Higher likelihoods indicate better fits. If different studies are compared, it is best to assess the likelihood per sample.

In Addition, ReMeta reports the Akaike information criterion (AIC) and the Bayesian information criterion (BIC):

\mathrm{AIC} = 2k-2 \log L(\boldsymbol{\hat{\theta}})

(6)

where $k$ is the number of parameters and $L(\boldsymbol{\hat{\theta}})$ is the likelihood for the estimated parameters $\boldsymbol{\hat{\theta}}$ .

\mathrm{BIC} = k \log n-2 \log L(\boldsymbol{\hat{\theta}})

(7)

where $n$ is the number of samples.


print(f'Type 1 AIC (overall): {result.type1.aic:.2f}')
print(f'Type 1 AIC (per sample): {result.type1.aic_per_sample:.4f}')
print(f'Type 2 AIC (overall): {result.type2.aic:.2f}')
print(f'Type 2 AIC (per sample): {result.type2.aic_per_sample:.4f}\n')

print(f'Type 1 BIC (overall): {result.type1.bic:.2f}')
print(f'Type 1 BIC (per sample): {result.type1.bic_per_sample:.4f}')
print(f'Type 2 BIC (overall): {result.type2.bic:.2f}')
print(f'Type 2 BIC (per sample): {result.type2.bic_per_sample:.4f}')

Type 1 AIC (overall): 1439.68
Type 1 AIC (per sample): 0.7198
Type 2 AIC (overall): 6855.20
Type 2 AIC (per sample): 3.4276

Type 1 BIC (overall): 1450.88
Type 1 BIC (per sample): 0.7254
Type 2 BIC (overall): 6866.41
Type 2 BIC (per sample): 3.4332

Here, lower AIC and BIC values indicate better fits.

If a group-level model was fitted to a stage, the result objects contains both the model evidence of the subject-level fit and the group-level fit for each:

for s in range(result2.nsubjects):
    print(f'[subject {s}] Subject-level log likelihood: {result2.type1.subject.loglik[s]:.2f}')

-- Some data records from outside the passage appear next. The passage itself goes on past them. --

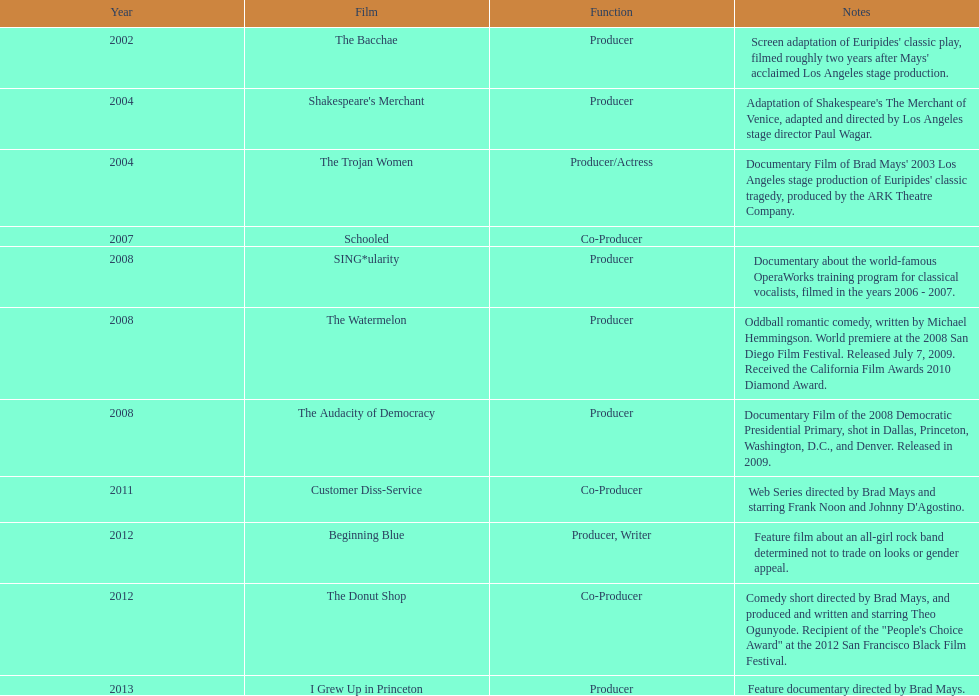Prior to the audacity of democracy, what was the film? The Watermelon. 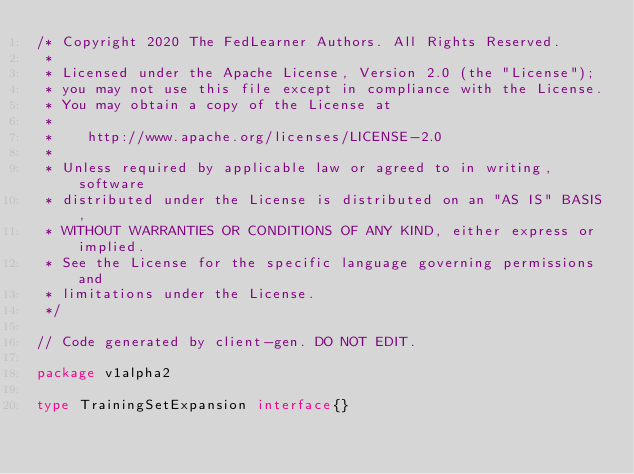<code> <loc_0><loc_0><loc_500><loc_500><_Go_>/* Copyright 2020 The FedLearner Authors. All Rights Reserved.
 *
 * Licensed under the Apache License, Version 2.0 (the "License");
 * you may not use this file except in compliance with the License.
 * You may obtain a copy of the License at
 *
 *    http://www.apache.org/licenses/LICENSE-2.0
 *
 * Unless required by applicable law or agreed to in writing, software
 * distributed under the License is distributed on an "AS IS" BASIS,
 * WITHOUT WARRANTIES OR CONDITIONS OF ANY KIND, either express or implied.
 * See the License for the specific language governing permissions and
 * limitations under the License.
 */

// Code generated by client-gen. DO NOT EDIT.

package v1alpha2

type TrainingSetExpansion interface{}
</code>

[subject 0] Subject-level log likelihood: -326.13
[subject 1] Subject-level log likelihood: -333.80
[subject 2] Subject-level log likelihood: -361.38

for s in range(result2.nsubjects):
    print(f'[subject {s}] Group-level log likelihood: {result2.type1.group.loglik[s]:.2f}')

[subject 0] Group-level log likelihood: -326.14
[subject 1] Group-level log likelihood: -334.08
[subject 2] Group-level log likelihood: -361.86

Note that the group level log likelihood is expected to be higher than the subject-level log likelihood. It is precisely the goal of group-level fits to avoid overfitting to individual subjects.